### Task details
The entries must be repeated verbatim, and their images left out.

### Records to process
◆ ◆ ◆ ◆ ◆ ◆ ◆

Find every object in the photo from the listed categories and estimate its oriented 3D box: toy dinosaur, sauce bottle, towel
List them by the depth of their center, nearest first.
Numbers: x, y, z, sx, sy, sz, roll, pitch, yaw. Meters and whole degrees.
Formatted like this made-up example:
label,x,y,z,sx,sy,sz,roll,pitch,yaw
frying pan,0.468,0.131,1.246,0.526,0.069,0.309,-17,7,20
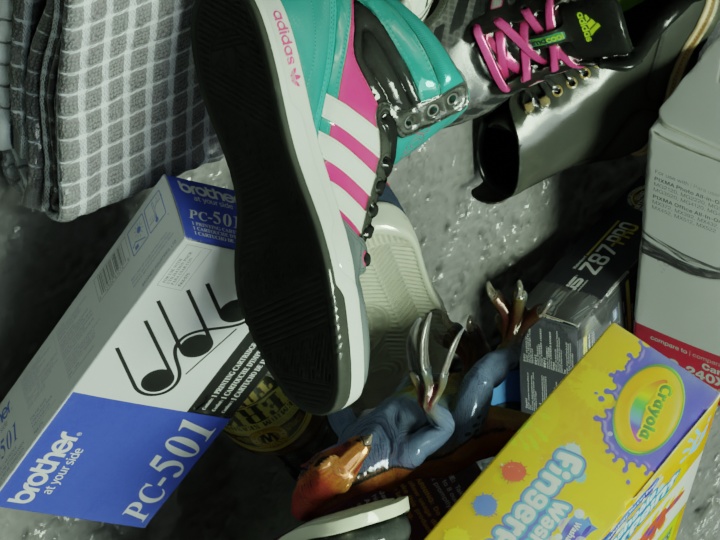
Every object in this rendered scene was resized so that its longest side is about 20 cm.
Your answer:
label,x,y,z,sx,sy,sz,roll,pitch,yaw
towel,-0.090,-0.128,1.194,0.165,0.085,0.201,-27,135,-35
toy dinosaur,0.034,0.082,1.309,0.200,0.105,0.182,50,50,-19
sauce bottle,-0.055,0.058,1.393,0.065,0.065,0.200,-51,143,-9

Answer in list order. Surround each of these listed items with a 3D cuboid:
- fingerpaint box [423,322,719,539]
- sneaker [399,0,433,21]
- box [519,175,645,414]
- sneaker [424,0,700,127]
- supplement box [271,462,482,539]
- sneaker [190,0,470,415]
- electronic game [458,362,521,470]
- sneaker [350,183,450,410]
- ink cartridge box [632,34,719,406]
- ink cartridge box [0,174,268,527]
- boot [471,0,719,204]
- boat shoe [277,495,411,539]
label,x,y,z,sx,sy,sz,roll,pitch,yaw
fingerpaint box,0.090,0.151,1.338,0.200,0.073,0.167,-47,160,-28
sneaker,0.033,-0.174,1.314,0.087,0.076,0.201,-5,120,-48
box,0.159,0.066,1.628,0.161,0.049,0.201,-46,142,-42
sneaker,0.103,-0.133,1.381,0.199,0.087,0.074,-29,114,-8
supplement box,-0.016,0.187,1.457,0.199,0.086,0.110,-27,168,-21
sneaker,-0.002,-0.044,1.188,0.120,0.083,0.201,-18,102,-38
electronic game,0.063,0.141,1.617,0.200,0.042,0.201,-30,137,-33
sneaker,0.000,0.000,1.406,0.075,0.085,0.200,-21,149,-10
ink cartridge box,0.230,-0.039,1.535,0.145,0.083,0.200,-50,153,-36
ink cartridge box,-0.100,0.043,1.264,0.094,0.044,0.200,12,131,-35
boot,0.130,-0.132,1.468,0.138,0.077,0.201,-24,132,-31
boat shoe,-0.009,0.159,1.298,0.072,0.068,0.200,-15,163,-18
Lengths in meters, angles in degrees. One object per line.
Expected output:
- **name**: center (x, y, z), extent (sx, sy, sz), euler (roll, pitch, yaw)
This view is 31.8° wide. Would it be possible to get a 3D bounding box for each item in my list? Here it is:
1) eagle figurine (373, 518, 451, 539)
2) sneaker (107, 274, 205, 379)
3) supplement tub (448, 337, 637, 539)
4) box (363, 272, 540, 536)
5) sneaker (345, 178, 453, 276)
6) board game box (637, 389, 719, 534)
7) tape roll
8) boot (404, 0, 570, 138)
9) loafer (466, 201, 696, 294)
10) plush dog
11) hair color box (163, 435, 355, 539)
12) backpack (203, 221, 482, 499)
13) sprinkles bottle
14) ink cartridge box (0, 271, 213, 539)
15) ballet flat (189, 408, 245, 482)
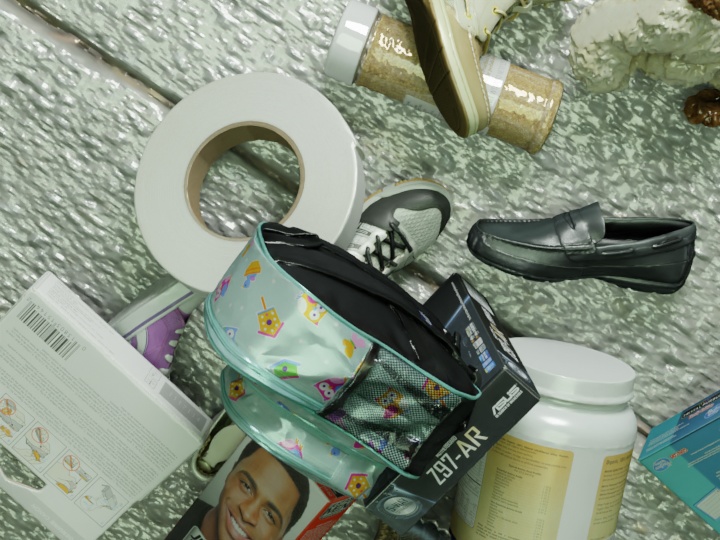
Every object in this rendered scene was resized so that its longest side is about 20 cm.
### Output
- **eagle figurine**: center (0.023, 0.263, 1.119), extent (0.200, 0.151, 0.152), euler (-47, 75, 16)
- **sneaker**: center (-0.183, 0.083, 1.150), extent (0.200, 0.073, 0.114), euler (-39, 100, 21)
- **supplement tub**: center (0.160, 0.172, 1.101), extent (0.143, 0.144, 0.202), euler (10, 102, 2)
- **box**: center (0.059, 0.105, 1.066), extent (0.043, 0.200, 0.160), euler (40, 103, -20)
- **sneaker**: center (0.000, 0.000, 1.098), extent (0.199, 0.088, 0.076), euler (-33, 121, 11)
- **board game box**: center (0.367, 0.189, 1.101), extent (0.200, 0.047, 0.151), euler (42, 138, -5)
- **tape roll**: center (-0.094, -0.071, 1.080), extent (0.201, 0.037, 0.205), euler (-4, 73, 12)
- **boot**: center (0.119, -0.213, 1.029), extent (0.153, 0.072, 0.202), euler (-10, 74, -12)
- **loafer**: center (0.192, -0.028, 1.094), extent (0.198, 0.068, 0.071), euler (6, 120, -4)
- **plush dog**: center (0.293, -0.208, 1.022), extent (0.171, 0.160, 0.202), euler (15, 104, -36)
- **hair color box**: center (-0.095, 0.226, 1.131), extent (0.102, 0.061, 0.200), euler (49, 116, 23)
- **backpack**: center (-0.029, 0.062, 0.964), extent (0.200, 0.176, 0.153), euler (41, 100, -18)
- **sprinkles bottle**: center (0.071, -0.164, 1.080), extent (0.198, 0.068, 0.069), euler (21, 102, -1)
- **ink cartridge box**: center (-0.261, 0.129, 1.118), extent (0.200, 0.045, 0.176), euler (44, 111, -10)
- **ballet flat**: center (-0.086, 0.120, 1.148), extent (0.069, 0.069, 0.200), euler (40, 101, -4)
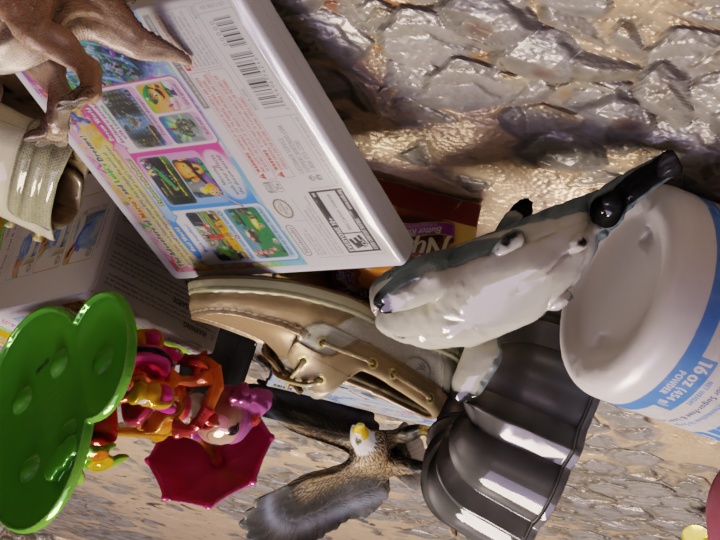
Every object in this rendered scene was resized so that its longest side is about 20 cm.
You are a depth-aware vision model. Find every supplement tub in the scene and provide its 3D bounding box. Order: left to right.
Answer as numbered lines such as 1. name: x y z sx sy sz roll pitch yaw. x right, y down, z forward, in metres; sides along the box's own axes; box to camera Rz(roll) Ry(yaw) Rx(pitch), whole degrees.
1. supplement tub: 0.232 0.040 0.737 0.199 0.132 0.132 20 157 -16

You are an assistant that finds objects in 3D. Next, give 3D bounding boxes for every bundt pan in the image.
1. bundt pan: 0.099 0.091 0.853 0.076 0.202 0.202 22 158 -1

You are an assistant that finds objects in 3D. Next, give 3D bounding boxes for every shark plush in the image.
1. shark plush: 0.084 -0.018 0.710 0.091 0.083 0.200 38 116 -20

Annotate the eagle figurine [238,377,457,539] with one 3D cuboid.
1. eagle figurine: -0.014 0.177 1.194 0.199 0.152 0.151 -6 119 4

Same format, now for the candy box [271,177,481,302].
1. candy box: 0.000 0.000 0.868 0.116 0.057 0.200 15 156 -6

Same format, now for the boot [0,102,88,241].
1. boot: -0.262 -0.063 0.827 0.154 0.072 0.200 23 152 -8

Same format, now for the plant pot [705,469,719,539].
1. plant pot: 0.365 0.205 1.005 0.199 0.201 0.179 13 173 1

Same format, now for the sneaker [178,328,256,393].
1. sneaker: -0.135 0.087 1.081 0.075 0.107 0.200 15 158 -6

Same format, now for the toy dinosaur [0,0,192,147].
1. toy dinosaur: -0.187 -0.133 0.608 0.199 0.136 0.086 -6 171 -5

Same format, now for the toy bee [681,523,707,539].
1. toy bee: 0.405 0.285 1.298 0.130 0.109 0.200 0 -179 9

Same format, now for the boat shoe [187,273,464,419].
1. boat shoe: -0.021 0.051 0.813 0.199 0.067 0.074 16 167 -23

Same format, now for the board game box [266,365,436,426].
1. board game box: 0.024 0.096 1.053 0.198 0.044 0.200 16 169 -4

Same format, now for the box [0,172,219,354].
1. box: -0.197 0.004 0.923 0.200 0.102 0.112 -10 148 44

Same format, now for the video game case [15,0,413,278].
1. video game case: -0.088 -0.073 0.713 0.182 0.024 0.200 -3 136 35

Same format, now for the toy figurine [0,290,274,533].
1. toy figurine: -0.136 0.100 0.868 0.184 0.151 0.200 14 137 -40

◆ ◆ ◆ ◆ ◆ ◆ ◆

### Solution
Find every object in the photo from the listed categories and estimate its oriented 3D box: toy dinosaur, sauce bottle, towel
List them by the depth of their center, nearest first.
Numbers: x, y, z, sx, sy, sz, roll, pitch, yaw. Meters and whole degrees.
Formatted like this made-up example:
label,x,y,z,sx,sy,sz,roll,pitch,yaw
frying pan,0.468,0.131,1.246,0.526,0.069,0.309,-17,7,20
Every object in this rendered scene was resized so that its longest side is about 20 cm.
Your answer:
label,x,y,z,sx,sy,sz,roll,pitch,yaw
towel,-0.090,-0.128,1.194,0.165,0.085,0.201,-27,135,-35
toy dinosaur,0.034,0.082,1.309,0.200,0.105,0.182,50,50,-19
sauce bottle,-0.055,0.058,1.393,0.065,0.065,0.200,-51,143,-9

Answer in list order. Surround each of these listed items with a 3D cuboid:
- fingerpaint box [423,322,719,539]
- sneaker [399,0,433,21]
- box [519,175,645,414]
- sneaker [424,0,700,127]
- supplement box [271,462,482,539]
- sneaker [190,0,470,415]
- electronic game [458,362,521,470]
- sneaker [350,183,450,410]
- ink cartridge box [632,34,719,406]
- ink cartridge box [0,174,268,527]
- boot [471,0,719,204]
- boat shoe [277,495,411,539]
label,x,y,z,sx,sy,sz,roll,pitch,yaw
fingerpaint box,0.090,0.151,1.338,0.200,0.073,0.167,-47,160,-28
sneaker,0.033,-0.174,1.314,0.087,0.076,0.201,-5,120,-48
box,0.159,0.066,1.628,0.161,0.049,0.201,-46,142,-42
sneaker,0.103,-0.133,1.381,0.199,0.087,0.074,-29,114,-8
supplement box,-0.016,0.187,1.457,0.199,0.086,0.110,-27,168,-21
sneaker,-0.002,-0.044,1.188,0.120,0.083,0.201,-18,102,-38
electronic game,0.063,0.141,1.617,0.200,0.042,0.201,-30,137,-33
sneaker,0.000,0.000,1.406,0.075,0.085,0.200,-21,149,-10
ink cartridge box,0.230,-0.039,1.535,0.145,0.083,0.200,-50,153,-36
ink cartridge box,-0.100,0.043,1.264,0.094,0.044,0.200,12,131,-35
boot,0.130,-0.132,1.468,0.138,0.077,0.201,-24,132,-31
boat shoe,-0.009,0.159,1.298,0.072,0.068,0.200,-15,163,-18
Lengths in meters, angles in degrees. One object per line.
Expected output:
- **name**: center (x, y, z), extent (sx, sy, sz), euler (roll, pitch, yaw)
This view is 31.8° wide. Would it be possible to get a 3D bounding box for each item in my list? Here it is:
1) eagle figurine (373, 518, 451, 539)
2) sneaker (107, 274, 205, 379)
3) supplement tub (448, 337, 637, 539)
4) box (363, 272, 540, 536)
5) sneaker (345, 178, 453, 276)
6) board game box (637, 389, 719, 534)
7) tape roll
8) boot (404, 0, 570, 138)
9) loafer (466, 201, 696, 294)
10) plush dog
11) hair color box (163, 435, 355, 539)
12) backpack (203, 221, 482, 499)
13) sprinkles bottle
14) ink cartridge box (0, 271, 213, 539)
15) ballet flat (189, 408, 245, 482)
Every object in this rendered scene was resized so that its longest side is about 20 cm.
### Output
- **eagle figurine**: center (0.023, 0.263, 1.119), extent (0.200, 0.151, 0.152), euler (-47, 75, 16)
- **sneaker**: center (-0.183, 0.083, 1.150), extent (0.200, 0.073, 0.114), euler (-39, 100, 21)
- **supplement tub**: center (0.160, 0.172, 1.101), extent (0.143, 0.144, 0.202), euler (10, 102, 2)
- **box**: center (0.059, 0.105, 1.066), extent (0.043, 0.200, 0.160), euler (40, 103, -20)
- **sneaker**: center (0.000, 0.000, 1.098), extent (0.199, 0.088, 0.076), euler (-33, 121, 11)
- **board game box**: center (0.367, 0.189, 1.101), extent (0.200, 0.047, 0.151), euler (42, 138, -5)
- **tape roll**: center (-0.094, -0.071, 1.080), extent (0.201, 0.037, 0.205), euler (-4, 73, 12)
- **boot**: center (0.119, -0.213, 1.029), extent (0.153, 0.072, 0.202), euler (-10, 74, -12)
- **loafer**: center (0.192, -0.028, 1.094), extent (0.198, 0.068, 0.071), euler (6, 120, -4)
- **plush dog**: center (0.293, -0.208, 1.022), extent (0.171, 0.160, 0.202), euler (15, 104, -36)
- **hair color box**: center (-0.095, 0.226, 1.131), extent (0.102, 0.061, 0.200), euler (49, 116, 23)
- **backpack**: center (-0.029, 0.062, 0.964), extent (0.200, 0.176, 0.153), euler (41, 100, -18)
- **sprinkles bottle**: center (0.071, -0.164, 1.080), extent (0.198, 0.068, 0.069), euler (21, 102, -1)
- **ink cartridge box**: center (-0.261, 0.129, 1.118), extent (0.200, 0.045, 0.176), euler (44, 111, -10)
- **ballet flat**: center (-0.086, 0.120, 1.148), extent (0.069, 0.069, 0.200), euler (40, 101, -4)
Every object in this rendered scene was resized so that its longest side is about 20 cm.
You are a depth-aware vision model. Find every supplement tub in the scene and provide its 3D bounding box. Order: left to right.
Answer as numbered lines such as 1. name: x y z sx sy sz roll pitch yaw. x right, y down, z forward, in metres; sides along the box's own axes; box to camera Rz(roll) Ry(yaw) Rx(pitch), whole degrees.
1. supplement tub: 0.232 0.040 0.737 0.199 0.132 0.132 20 157 -16

You are an assistant that finds objects in 3D. Next, give 3D bounding boxes for every bundt pan in the image.
1. bundt pan: 0.099 0.091 0.853 0.076 0.202 0.202 22 158 -1

You are an assistant that finds objects in 3D. Next, give 3D bounding boxes for every shark plush in the image.
1. shark plush: 0.084 -0.018 0.710 0.091 0.083 0.200 38 116 -20

Annotate the eagle figurine [238,377,457,539] with one 3D cuboid.
1. eagle figurine: -0.014 0.177 1.194 0.199 0.152 0.151 -6 119 4

Same format, now for the candy box [271,177,481,302].
1. candy box: 0.000 0.000 0.868 0.116 0.057 0.200 15 156 -6

Same format, now for the boot [0,102,88,241].
1. boot: -0.262 -0.063 0.827 0.154 0.072 0.200 23 152 -8

Same format, now for the plant pot [705,469,719,539].
1. plant pot: 0.365 0.205 1.005 0.199 0.201 0.179 13 173 1

Same format, now for the sneaker [178,328,256,393].
1. sneaker: -0.135 0.087 1.081 0.075 0.107 0.200 15 158 -6

Same format, now for the toy dinosaur [0,0,192,147].
1. toy dinosaur: -0.187 -0.133 0.608 0.199 0.136 0.086 -6 171 -5

Same format, now for the toy bee [681,523,707,539].
1. toy bee: 0.405 0.285 1.298 0.130 0.109 0.200 0 -179 9

Same format, now for the boat shoe [187,273,464,419].
1. boat shoe: -0.021 0.051 0.813 0.199 0.067 0.074 16 167 -23

Same format, now for the board game box [266,365,436,426].
1. board game box: 0.024 0.096 1.053 0.198 0.044 0.200 16 169 -4

Same format, now for the box [0,172,219,354].
1. box: -0.197 0.004 0.923 0.200 0.102 0.112 -10 148 44

Same format, now for the video game case [15,0,413,278].
1. video game case: -0.088 -0.073 0.713 0.182 0.024 0.200 -3 136 35

Same format, now for the toy figurine [0,290,274,533].
1. toy figurine: -0.136 0.100 0.868 0.184 0.151 0.200 14 137 -40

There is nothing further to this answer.